Chilenische Küche

Bei Judith in Punta Arenas haben wir Carolina, Guido und die 10 Monate alte Elena kennengelernt. Carolina wohnt in Puerto Natales und wir sollten uns melden, wenn wir uns nochmal treffen wollen.

Tja, und was tat Dania? Sie meldete sich. Was für ein Glück. Und nachdem wir am Tag zuvor nochmals Chorillana hatten, (Verdammt, war das lecker. Ihr könnt auf dem Bild sehen wie glücklich ich war), ging es zu Carolina um Guanaco zu probieren. Eigentlich sollte es Lachs geben, aber ich kann ja bekanntlich keinen Fisch essen. So wurde es Guanaco. Mein Glück, Danias Pech. In dem Guanaco-Gericht waren Pilze. Mist. Egal, wir hatten trotzdem einen wundervollen Abend und haben neue Freunde gefunden. Greta und Elena haben sich super verstanden. Für Greta war es neu so direkt mit einem anderen Baby in Interaktion zu treten. Und als Guido dann ein Spielzeug nach dem anderen präsentierte, war Greta verliebt. Wir Männers saßen auf dem Boden und spielten mit den Kindern. Die Mädels konnten quatschen. Was wir interessant fanden, wie unterschiedlich Babies sich entwickeln und man einfach nicht vergleichen darf. Greta ist bereits dabei sich hinzustellen, Elena sitzt gern und von Hinstellen keine Anzeichen. Greta durfte zum Abschluss sogar ein Spielzeug mitnehmen. Wow. Das nenne ich chilenische Gastfreundschaft. Danke für diesen Abend.

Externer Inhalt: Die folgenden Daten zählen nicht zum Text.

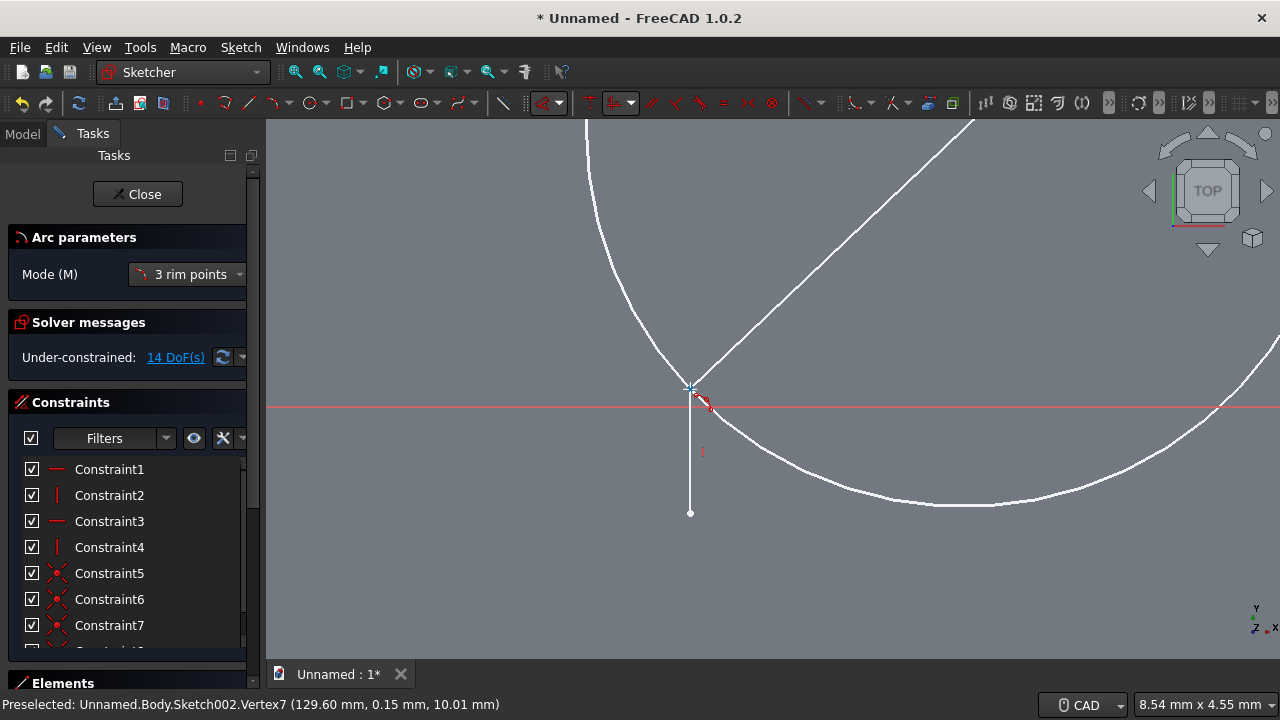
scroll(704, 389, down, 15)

Gestern ging es dann zurück nach Punta Arenas. Wir hatten wie immer über Airbnb eine Wohnung für uns gemietet. Und wo sind wir gelandet? Es gibt in ganz Punta Arenas einen Ort wo jeder hingeht. Der Mirador mit Blick über die Stadt. Dort finden sich auch zwei Wegweiser. An diesen finden sich Entfernungen zu Städten weltweit. Und wir? Ja, wir wohnen genau bei diesen Wegweisern. Was für ein Zufall. Sowas kann einem auch nur mit Dania passieren. Und es wird noch besser. Die Vermieterin ist verwandt mit Judith. Ach, die Welt ist so klein.

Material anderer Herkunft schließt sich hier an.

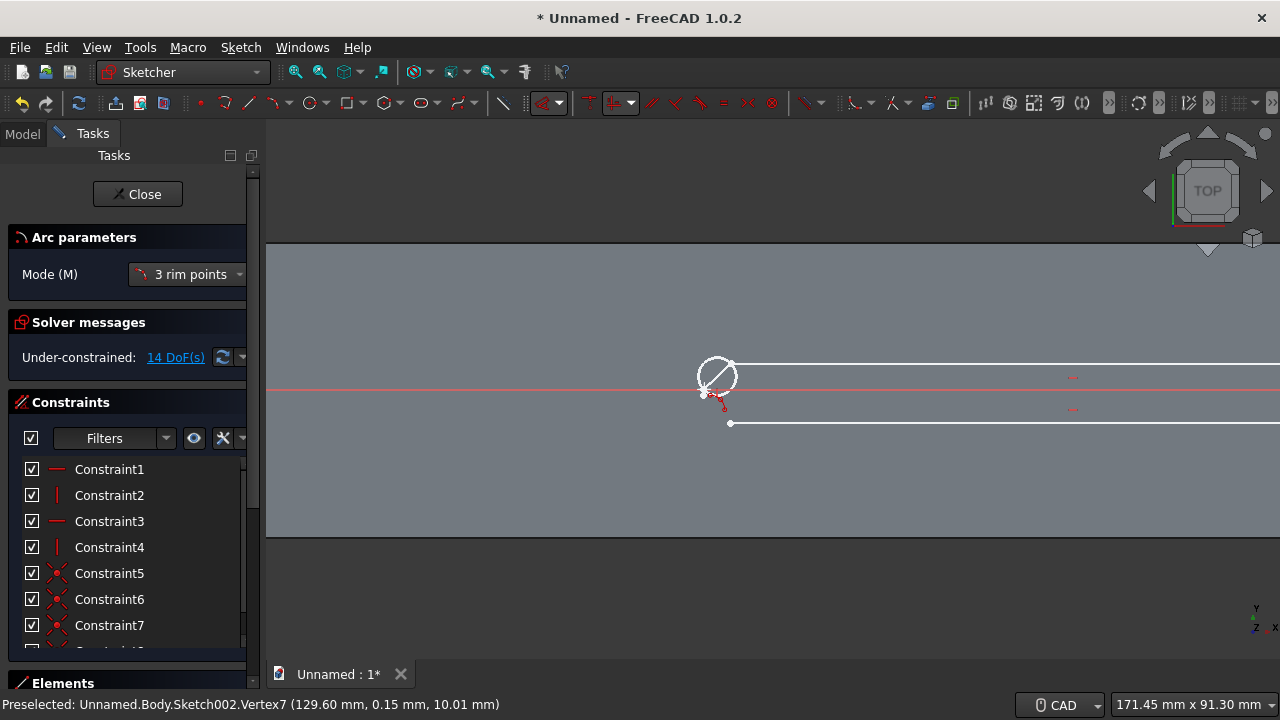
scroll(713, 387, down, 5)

Heute ging es in die City. Erstes Ziel war Choripan und Bananenmilch zu probieren. Von all unseren Freunden wurde uns das geraten. Und ja, lecker. Eine Art Minihamburger. Und der Laden, voller Einheimischer. Es ging ein bisschen zu wie an der Börse. Menschen betraten den Laden und bestellten mit Rufen und Fingerzeichen. Dann gabs einen Kaffee togo. Diesen haben wir auf dem Plaza de Armas bei traumhaftem Wetter genossen. Und zum Abschluss haben wir Rutschsocken für Greta besorgt. Gar nicht so einfach ein Geschäft damit zu finden. Ok, zwei Stück haben wir dann auch noch gekauft… hehe.

Und morgen? Da gehts zum Cordero essen. Lamm am Kreuz gegart. Ohne das probiert zu haben, dürften wir Chile nicht verlassen. Ich bin echt gespannt.